§ **WORK REQUEST**:
Note the line containing "2. car [273,195,312,205]"; from it through the last line below, give only those lines again, exactly, both ends included, skipping pictures.

+ + + +

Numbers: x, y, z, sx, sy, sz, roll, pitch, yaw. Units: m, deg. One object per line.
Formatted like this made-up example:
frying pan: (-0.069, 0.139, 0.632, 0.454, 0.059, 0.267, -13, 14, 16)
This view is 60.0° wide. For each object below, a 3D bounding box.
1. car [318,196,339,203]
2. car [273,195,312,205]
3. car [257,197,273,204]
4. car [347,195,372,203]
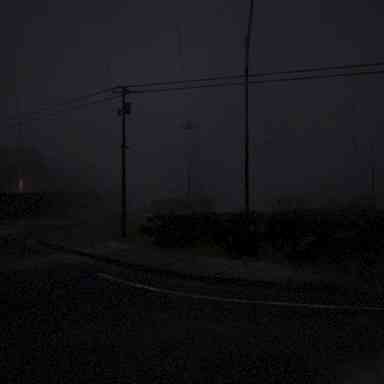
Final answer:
car: (28.527, 1.641, 69.481, 4.193, 1.474, 1.816, 0, 0, 4)
car: (14.298, 1.410, 46.703, 4.605, 1.855, 1.932, 0, 0, 4)
car: (15.611, 1.674, 69.144, 3.905, 1.438, 1.784, 0, 0, 4)
car: (28.199, 1.415, 55.991, 3.866, 1.878, 1.905, 0, 0, 4)

+ + + +

§ **SOLUTION TO THE EXERCISE**:
2. car [273,195,312,205]
3. car [257,197,273,204]
4. car [347,195,372,203]
Final answer:
car: (28.527, 1.641, 69.481, 4.193, 1.474, 1.816, 0, 0, 4)
car: (14.298, 1.410, 46.703, 4.605, 1.855, 1.932, 0, 0, 4)
car: (15.611, 1.674, 69.144, 3.905, 1.438, 1.784, 0, 0, 4)
car: (28.199, 1.415, 55.991, 3.866, 1.878, 1.905, 0, 0, 4)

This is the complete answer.